## Work to complete
Without changing a single character, write out every record below.
◇ ◇ ◇
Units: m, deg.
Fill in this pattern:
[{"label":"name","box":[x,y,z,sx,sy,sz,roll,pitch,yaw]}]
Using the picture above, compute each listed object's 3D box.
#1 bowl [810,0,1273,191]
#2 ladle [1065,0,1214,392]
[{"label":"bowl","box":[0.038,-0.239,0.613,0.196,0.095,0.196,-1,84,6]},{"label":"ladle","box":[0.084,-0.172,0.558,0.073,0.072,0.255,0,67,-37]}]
◇ ◇ ◇
## Answer space
Units: m, deg.
Fill in this pattern:
[{"label":"name","box":[x,y,z,sx,sy,sz,roll,pitch,yaw]}]
Using the picture above, compute each listed object's 3D box.
#1 bowl [810,0,1273,191]
#2 ladle [1065,0,1214,392]
[{"label":"bowl","box":[0.038,-0.239,0.613,0.196,0.095,0.196,-1,84,6]},{"label":"ladle","box":[0.084,-0.172,0.558,0.073,0.072,0.255,0,67,-37]}]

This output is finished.